Дэлайла провела пальцем по гладким клавишам, мягко нажимая, чтобы

прочувствовать их поверхность, но не издать звук.

– Ты никогда не думал, что случилось с твоими родителями? Странно это, но после вчерашнего нельзя не задуматься, почему есть только ты и Дом.

Гэвин рассеянно нажал на несколько клавиш, медленно сменяющие друг

друга фа и соль, потом ми и соль. От этой темы он уже немного… устал.

Дэлайла не знала, сколько часов, дней, недель или даже месяцев он думал о

родителях, об объятиях матери, когда болел, о помощи отца, когда строил

самолетики, играл музыку, хотел… поговорить.

– Я думал о них все время.
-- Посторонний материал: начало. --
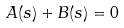Convert formula to latex. <formula><loc_0><loc_0><loc_500><loc_500>A ( s ) + B ( s ) = 0</formula> 
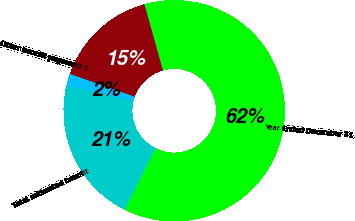Convert chart. <chart><loc_0><loc_0><loc_500><loc_500><pie_chart><fcel>Year Ended December 31<fcel>Pension benefit payments<fcel>Other benefit payments 1<fcel>Total estimated benefit<nl><fcel>61.73%<fcel>15.26%<fcel>1.74%<fcel>21.26%<nl></chart> 
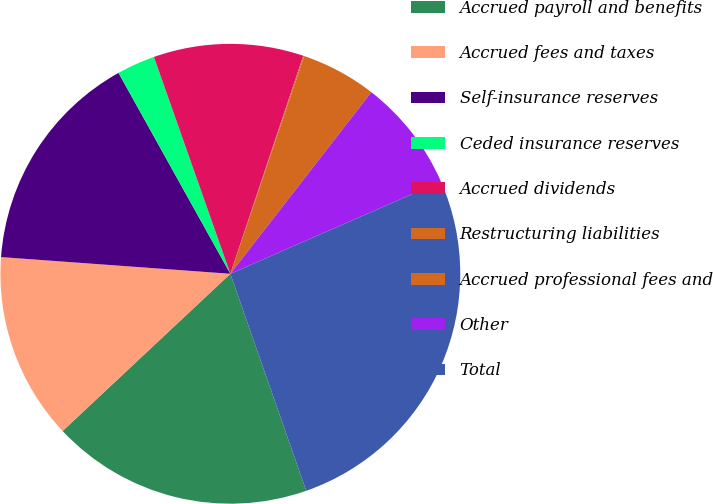Convert chart to OTSL. <chart><loc_0><loc_0><loc_500><loc_500><pie_chart><fcel>Accrued payroll and benefits<fcel>Accrued fees and taxes<fcel>Self-insurance reserves<fcel>Ceded insurance reserves<fcel>Accrued dividends<fcel>Restructuring liabilities<fcel>Accrued professional fees and<fcel>Other<fcel>Total<nl><fcel>18.37%<fcel>13.14%<fcel>15.76%<fcel>2.69%<fcel>10.53%<fcel>0.07%<fcel>5.3%<fcel>7.92%<fcel>26.22%<nl></chart> 
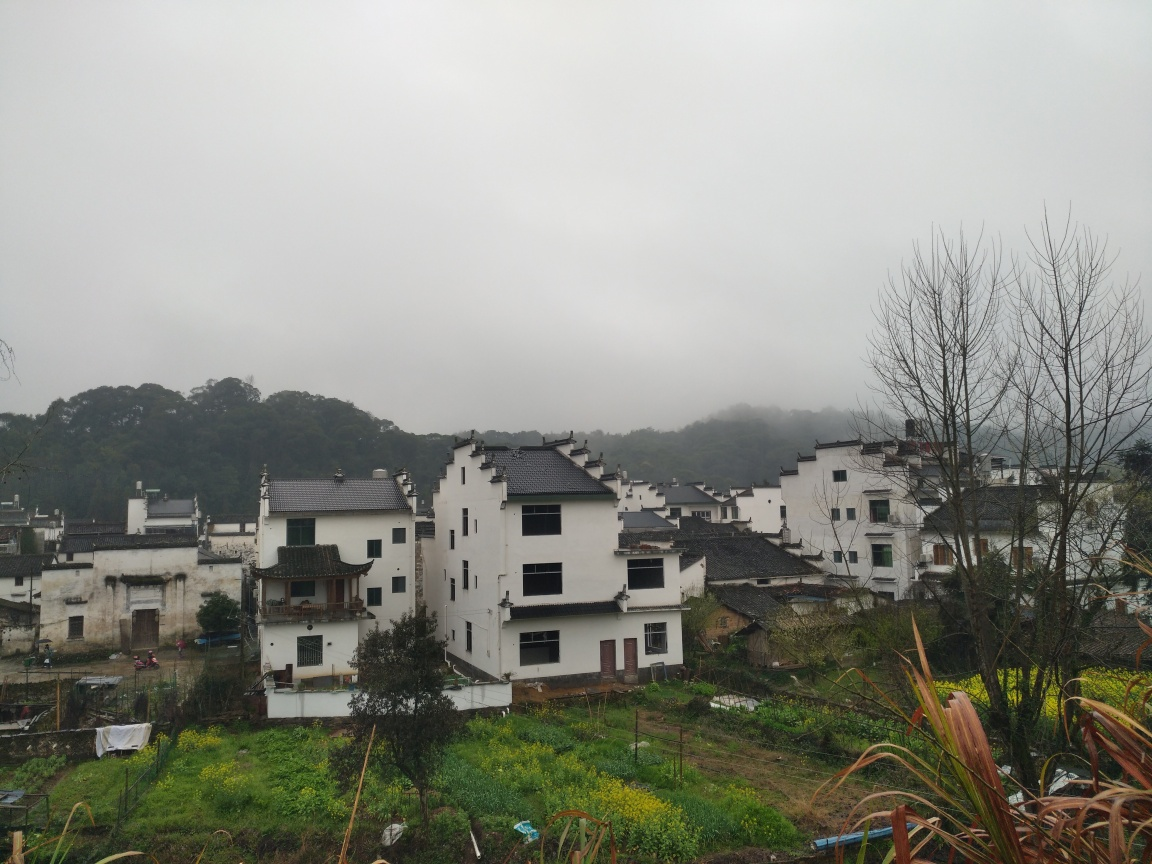What time of year does it look like, and what's the possible location based on the architecture and vegetation? The overcast skies and the absence of leaves on several trees suggest it could be late fall or early winter. The architecture, featuring white walls and black tiles, resembles the traditional style found in some rural regions of East Asia, possibly China. The presence of lush green fields implies a region with a wet or temperate climate. 
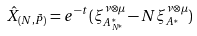Convert formula to latex. <formula><loc_0><loc_0><loc_500><loc_500>\hat { X } _ { ( N , \tilde { P } ) } & = e ^ { - t } ( \xi _ { A ^ { \ast } _ { N ^ { \ast } } } ^ { \nu \otimes \mu } - N \xi _ { A ^ { \ast } } ^ { \nu \otimes \mu } )</formula> 
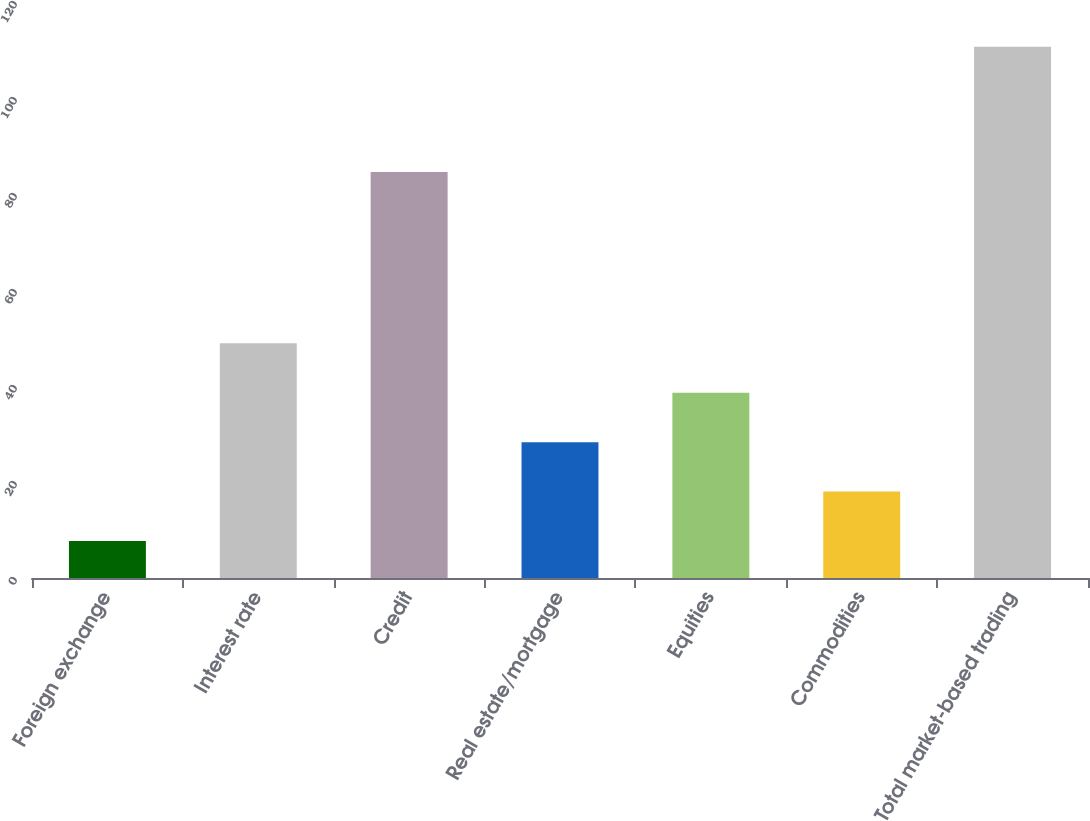Convert chart. <chart><loc_0><loc_0><loc_500><loc_500><bar_chart><fcel>Foreign exchange<fcel>Interest rate<fcel>Credit<fcel>Real estate/mortgage<fcel>Equities<fcel>Commodities<fcel>Total market-based trading<nl><fcel>7.7<fcel>48.9<fcel>84.6<fcel>28.3<fcel>38.6<fcel>18<fcel>110.7<nl></chart> 
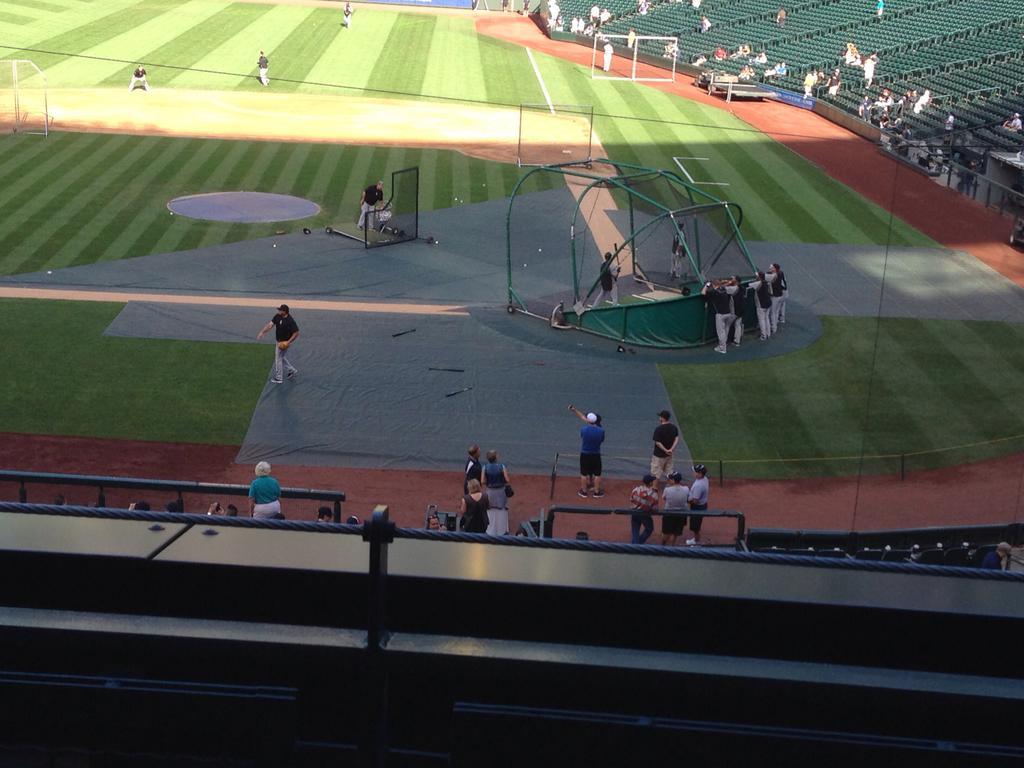How would you summarize this image in a sentence or two? In this picture, we can see stadium, we can see a few people, ground with grass and some objects like nets, poles, and we can see chairs, and fencing. 
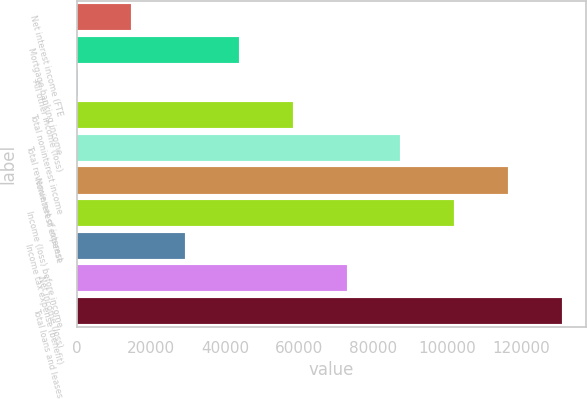<chart> <loc_0><loc_0><loc_500><loc_500><bar_chart><fcel>Net interest income (FTE<fcel>Mortgage banking income<fcel>All other income (loss)<fcel>Total noninterest income<fcel>Total revenue net of interest<fcel>Noninterest expense<fcel>Income (loss) before income<fcel>Income tax expense (benefit)<fcel>Net income (loss)<fcel>Total loans and leases<nl><fcel>14778.1<fcel>43798.3<fcel>268<fcel>58308.4<fcel>87328.6<fcel>116349<fcel>101839<fcel>29288.2<fcel>72818.5<fcel>130859<nl></chart>

Когда мне было семь, я был одержим желанием

найти хоть что-то, но есть лишь одна фотография. У нее были каштановые

волосы. Это все, что я знаю.

Дэлайла скользнула рукой от его колена до середины бедра.

– Может, ты на нее похож.

Только прикосновение руки Дэлайлы к его ноге помогал сфокусироваться

на этой комнате и не давал Гэвину уйти в то место, где бывал редко и где думал

по-настоящему – о матери. У Гэвина были ее волосы, ее бледная кожа и

большие темные глаза. Он видел на фотографии, что у них одинаковой формы

носы. Он прекрасно помнил, что у нее было лицо в форме сердечка и

сдержанная и осторожная улыбка. Гэвин подозревал, что и в этом они схожи.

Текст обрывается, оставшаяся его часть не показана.